__Problem statement__
Take every line from the records below that includes the word "Units".
——
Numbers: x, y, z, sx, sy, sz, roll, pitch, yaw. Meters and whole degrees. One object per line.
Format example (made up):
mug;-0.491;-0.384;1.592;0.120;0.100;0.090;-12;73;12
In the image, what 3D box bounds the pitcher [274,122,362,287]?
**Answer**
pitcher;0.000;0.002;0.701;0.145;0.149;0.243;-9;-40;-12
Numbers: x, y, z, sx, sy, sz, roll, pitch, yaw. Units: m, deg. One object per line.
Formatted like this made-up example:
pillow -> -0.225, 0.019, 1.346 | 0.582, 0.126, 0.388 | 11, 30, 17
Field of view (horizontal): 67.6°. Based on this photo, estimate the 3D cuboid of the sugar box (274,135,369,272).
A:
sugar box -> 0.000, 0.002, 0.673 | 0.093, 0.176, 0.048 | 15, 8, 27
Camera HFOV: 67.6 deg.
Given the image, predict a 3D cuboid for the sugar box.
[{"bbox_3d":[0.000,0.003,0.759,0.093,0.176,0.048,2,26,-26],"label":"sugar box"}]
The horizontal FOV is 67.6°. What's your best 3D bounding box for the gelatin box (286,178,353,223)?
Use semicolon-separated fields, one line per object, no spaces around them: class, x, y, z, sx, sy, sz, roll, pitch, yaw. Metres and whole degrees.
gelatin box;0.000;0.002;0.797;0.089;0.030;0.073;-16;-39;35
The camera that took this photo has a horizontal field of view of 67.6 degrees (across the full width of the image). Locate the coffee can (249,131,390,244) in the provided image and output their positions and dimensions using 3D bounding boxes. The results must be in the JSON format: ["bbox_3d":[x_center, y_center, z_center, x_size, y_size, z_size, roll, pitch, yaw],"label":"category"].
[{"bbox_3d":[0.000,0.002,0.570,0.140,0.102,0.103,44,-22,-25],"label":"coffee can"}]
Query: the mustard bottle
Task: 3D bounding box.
——
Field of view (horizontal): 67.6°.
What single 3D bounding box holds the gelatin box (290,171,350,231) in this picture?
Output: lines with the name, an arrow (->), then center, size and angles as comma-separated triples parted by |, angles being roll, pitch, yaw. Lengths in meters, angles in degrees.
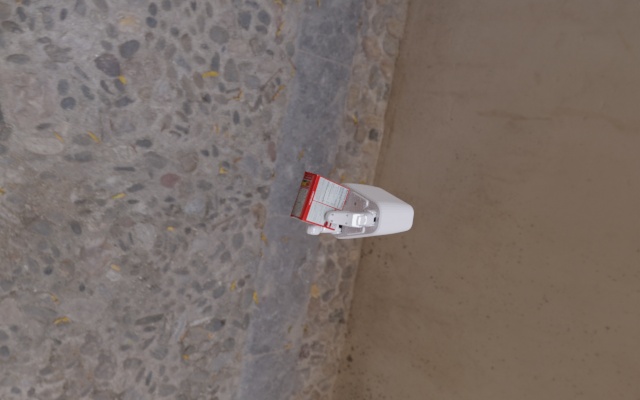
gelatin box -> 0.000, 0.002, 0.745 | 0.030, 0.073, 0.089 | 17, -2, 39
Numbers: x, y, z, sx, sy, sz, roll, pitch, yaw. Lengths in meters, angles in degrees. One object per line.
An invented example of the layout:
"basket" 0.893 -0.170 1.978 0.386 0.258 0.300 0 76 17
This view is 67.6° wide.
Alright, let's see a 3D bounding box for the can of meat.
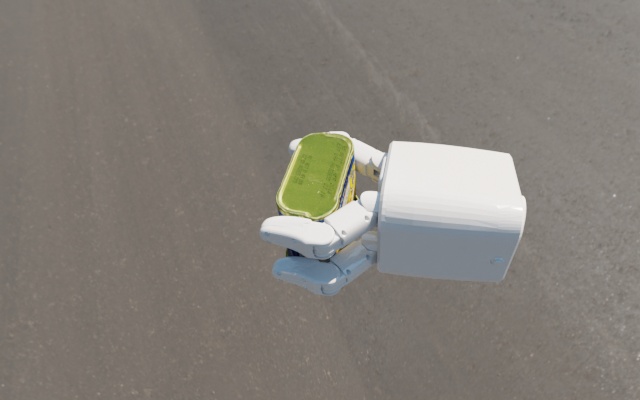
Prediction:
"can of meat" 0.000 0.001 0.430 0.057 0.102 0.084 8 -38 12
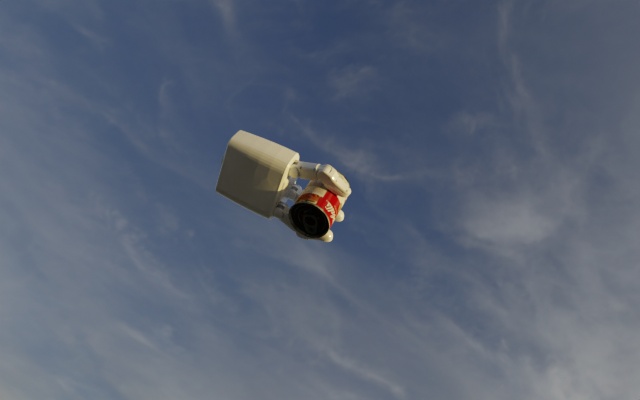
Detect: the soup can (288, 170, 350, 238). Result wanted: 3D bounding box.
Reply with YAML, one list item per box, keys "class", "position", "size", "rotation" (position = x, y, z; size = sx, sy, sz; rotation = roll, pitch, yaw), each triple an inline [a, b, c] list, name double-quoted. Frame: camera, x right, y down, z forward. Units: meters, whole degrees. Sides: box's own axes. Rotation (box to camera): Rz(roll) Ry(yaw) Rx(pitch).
——
__Solved problem__
Numbers: x, y, z, sx, sy, sz, roll, pitch, yaw. Units: m, deg. One object per line.
Reply with YAML, one list item per box, keys "class", "position", "size", "rotation" (position = x, y, z; size = sx, sy, sz; rotation = roll, pitch, yaw), each triple an inline [a, b, c] list, name double-quoted. Frame: camera, x right, y down, z forward. Units: meters, whole degrees. Sides: box's own axes. Rotation (box to camera): Rz(roll) Ry(yaw) Rx(pitch).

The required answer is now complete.